Main Street School holds fundraiser

For the first few years of his life, James Walsh didn't speak.

"He was diagnosed autistic," said mom Chris Walsh, who adopted James with her husband, Brian. "He had no speech at all. At 3 years old, he'd never said 'Mom' or 'Dad.' We didn't know what to do."

So the Walshes enrolled their son at North Syracuse's Main Street Early Education Program, a pre-K program that integrates children with special needs with their typical peers and provides them with intensive early intervention services like speech and physical and occupational therapy. There, James worked with a speech therapist as well as special education teachers. Before long, things were changing.

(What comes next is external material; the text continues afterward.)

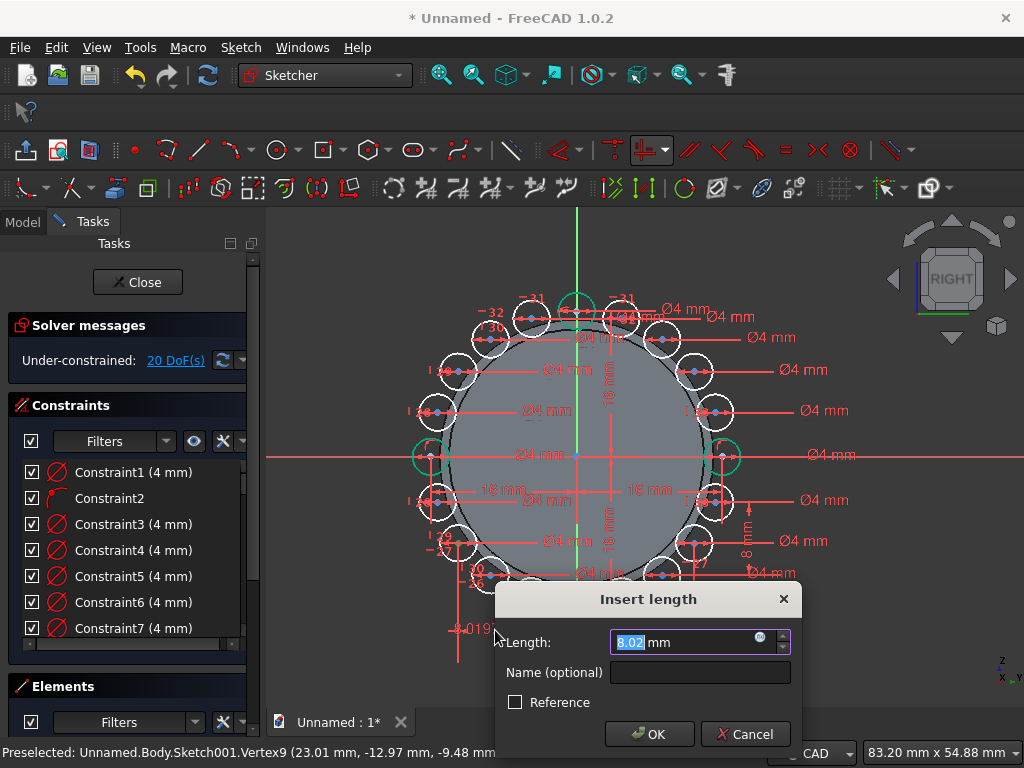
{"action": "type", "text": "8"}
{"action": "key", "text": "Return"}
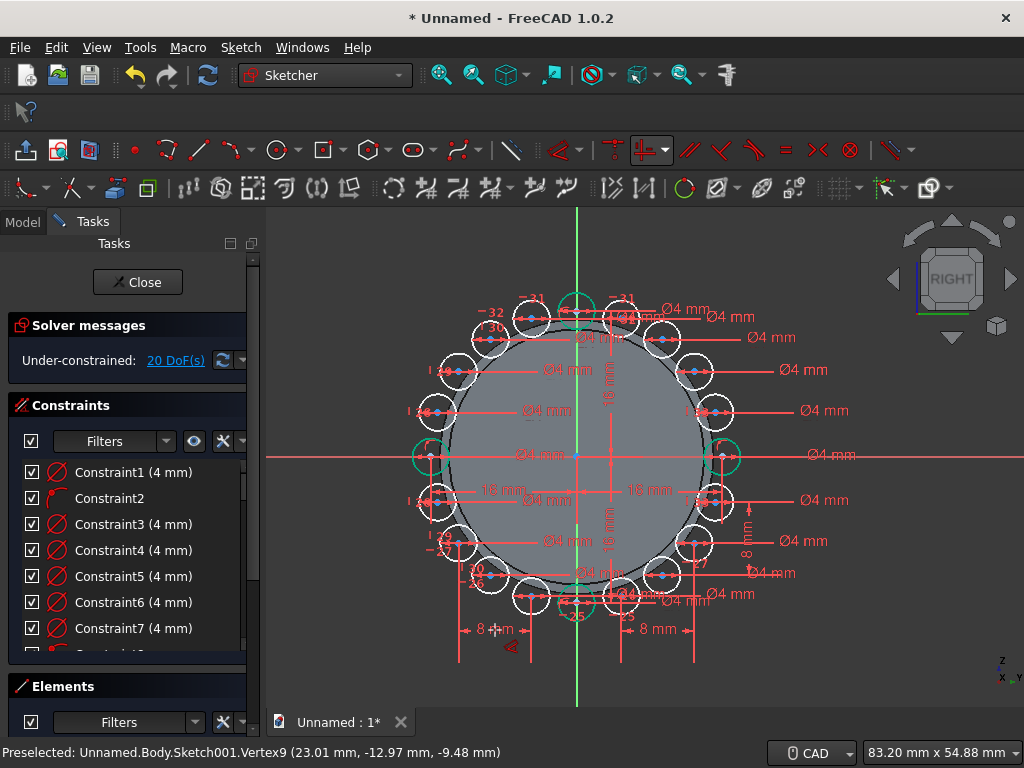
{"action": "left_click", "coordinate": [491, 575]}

"I was walking out with him to get the mail one day when he was about 4," Brian Walsh said. "He looked down and said, 'mud puddle.' Those were his first words. He'd never said anything before, and he's out there saying 'mud puddle' after they worked with him at Main Street."

Now James is a fourth-grader at Palmer Elementary School in Baldwinsville, and, thanks to Main Street, his communication skills have vastly improved.

"When he was little, every time there was a performance or something at school, James would refuse to participate," Chris Walsh said. "But this week, a poet came to his school, and all of the kids were asked to write poems and read them to an audience. He read his over the microphone to the entire class."

And that's not all.

"He tells people now, 'You know, it would be nice if you'd say 'please' when you ask me to do something,'" Chris Walsh said. "It's incredible to me that this is the same kid."

Friends of NSEEP

The Walshes were among hundreds of people who turned out for the first-ever Therapy Ball Thursday night at Barbagallo's, a fundraiser for the early education program. The ball was put on by the Friends of North Syracuse Early Education Program, a 501(c)3 nonprofit that got its start earlier this year. The group is seeking to raise money to support the Main Street school, which serves about 300 special-needs and typical kids ages 3 to 5 in a variety of settings.